Earlier this month, prosecutors alerted the court that Abshir approached a government witness as he was preparing to testify in Judge Nancy Brasel’s courtroom on the 13th floor of the federal courthouse in Minneapolis.
Abshir had remained out of custody on supervised release since he and several others were charged in September 2022.
However, federal agents re-arrested him last week after the incident at the federal courthouse, where prosecutors say Abshir “stood over” the government witness as he was sitting on a bench outside the courtroom.
Assistant U.S. Attorney Joe Thompson presented still images from security cameras that confirmed the contact – a violation of the terms of Abshir’s pretrial release.
“The madness that this trial has become… is like something I’ve never experienced before,” Thompson told the court. “We have to have agents patrolling our hallways to make sure people like Mr.
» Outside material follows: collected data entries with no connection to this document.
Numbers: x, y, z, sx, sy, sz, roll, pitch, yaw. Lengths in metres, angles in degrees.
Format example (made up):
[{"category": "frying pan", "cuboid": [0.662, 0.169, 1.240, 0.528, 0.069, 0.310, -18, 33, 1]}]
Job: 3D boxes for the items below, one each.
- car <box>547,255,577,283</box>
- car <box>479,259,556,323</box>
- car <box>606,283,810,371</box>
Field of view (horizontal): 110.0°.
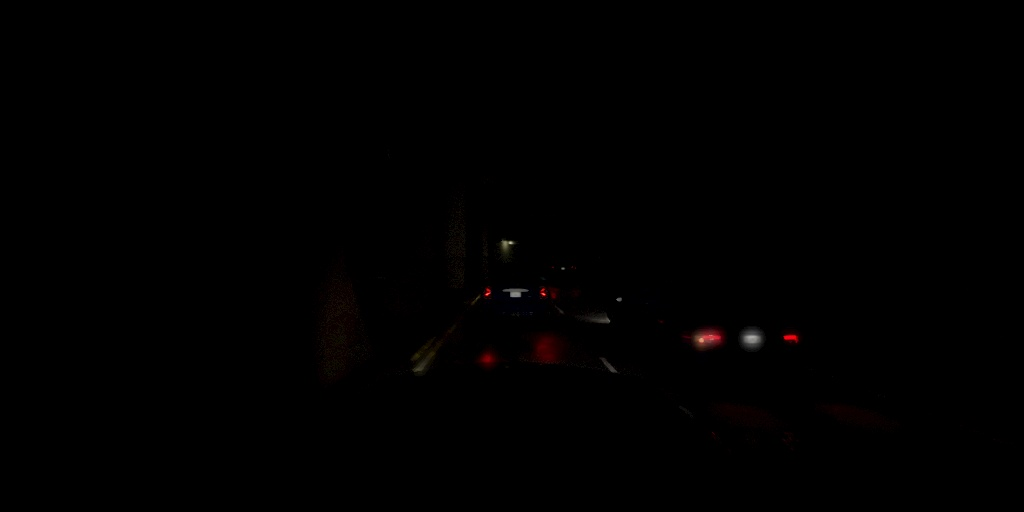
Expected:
[{"category": "car", "cuboid": [3.603, 0.974, 28.002, 2.150, 2.045, 5.566, 0, 0, 0]}, {"category": "car", "cuboid": [0.101, 1.103, 12.188, 2.097, 1.767, 4.553, 0, 0, 0]}, {"category": "car", "cuboid": [3.601, 1.298, 7.886, 2.033, 1.411, 5.357, 0, 0, 0]}]
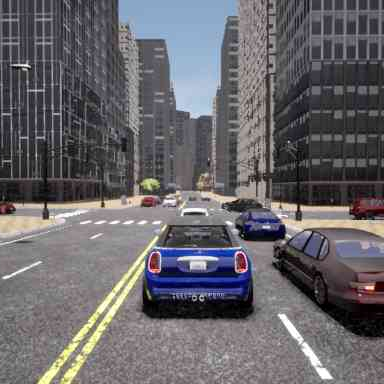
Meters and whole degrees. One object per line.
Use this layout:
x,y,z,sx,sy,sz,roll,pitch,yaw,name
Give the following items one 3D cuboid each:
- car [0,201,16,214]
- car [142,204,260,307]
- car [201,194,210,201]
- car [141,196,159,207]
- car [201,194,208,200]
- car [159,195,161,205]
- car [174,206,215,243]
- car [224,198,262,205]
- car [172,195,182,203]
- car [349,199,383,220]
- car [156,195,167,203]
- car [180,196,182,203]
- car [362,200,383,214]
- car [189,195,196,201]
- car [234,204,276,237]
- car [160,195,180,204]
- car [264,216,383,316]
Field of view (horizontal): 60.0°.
-19.340,1.408,32.012,4.181,1.385,1.994,1,1,1,car
0.113,1.348,8.131,2.097,1.767,4.553,0,0,0,car
3.383,1.513,80.036,1.895,1.301,4.718,0,0,0,car
-6.508,1.442,50.025,1.882,1.535,5.008,0,0,0,car
3.400,1.266,90.008,1.812,1.442,4.674,0,0,0,car
-6.477,1.500,59.952,2.033,1.411,5.357,0,0,0,car
0.127,1.517,16.988,1.812,1.442,4.674,0,0,0,car
5.611,1.482,37.440,4.892,1.490,1.837,2,4,42,car
-3.135,1.418,69.683,1.882,1.535,5.008,0,0,0,car
16.249,1.519,28.780,5.009,1.841,2.192,1,0,1,car
-6.384,1.417,70.322,1.882,1.535,5.008,0,0,0,car
-3.228,1.501,59.467,2.033,1.411,5.357,0,0,0,car
21.871,1.642,37.057,4.829,1.417,1.752,1,0,1,car
0.132,1.451,79.797,2.128,1.511,4.902,0,0,0,car
3.376,1.555,17.030,1.994,1.385,4.181,0,0,0,car
-3.259,1.490,49.776,1.812,1.442,4.674,0,0,0,car
3.362,1.544,7.791,2.033,1.411,5.357,0,0,0,car
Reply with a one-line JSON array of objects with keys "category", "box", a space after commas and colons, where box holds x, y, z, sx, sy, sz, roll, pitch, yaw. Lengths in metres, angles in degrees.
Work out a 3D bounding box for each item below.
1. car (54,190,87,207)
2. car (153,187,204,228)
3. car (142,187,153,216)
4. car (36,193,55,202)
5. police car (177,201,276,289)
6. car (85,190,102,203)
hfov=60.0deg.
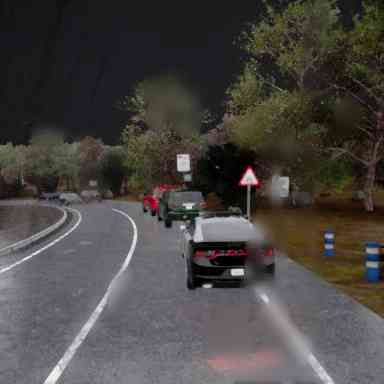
[{"category": "car", "box": [-14.526, 0.889, 39.699, 1.837, 1.490, 4.892, -4, 2, -35]}, {"category": "car", "box": [-0.723, 0.798, 19.272, 2.150, 2.045, 5.566, -1, 2, -12]}, {"category": "car", "box": [-2.371, 0.636, 25.322, 2.150, 2.045, 5.566, -2, 2, -18]}, {"category": "car", "box": [-23.802, 0.860, 54.968, 4.718, 1.301, 1.895, -2, 4, 38]}, {"category": "police car", "box": [0.715, 1.291, 9.053, 1.930, 1.638, 5.238, 0, 2, -4]}, {"category": "car", "box": [-14.001, 0.494, 44.939, 2.097, 1.767, 4.553, -5, 3, -39]}]

Abshir aren’t intimidating our witnesses.”
The incident is the latest in a series of events that include the attempted bribery of a juror in a previous trial connected to Feeding Our Future last year.
“I’ve been a judge for 31 years,” Leung said Friday. “I’ve never seen anything close to this in Minnesota.”
In their arguments to keep Abshir locked up, prosecutors also shared that they found “a series” of assault weapons and ammunition inside the Park Avenue offices used by several suspects in Minneapolis connected to Feeding Our Future.
Abshir’s attorney, Craig Cascarano, asked the court to consider placing his client on electronic monitoring or in a halfway house pending his trial this summer, but Judge Leung was not swayed.
“(It is) a direct attack on the integrity, advocacy and reliability of this nation’s justice system,” Leung said from the bench. “I don’t think this is a close call in this case.”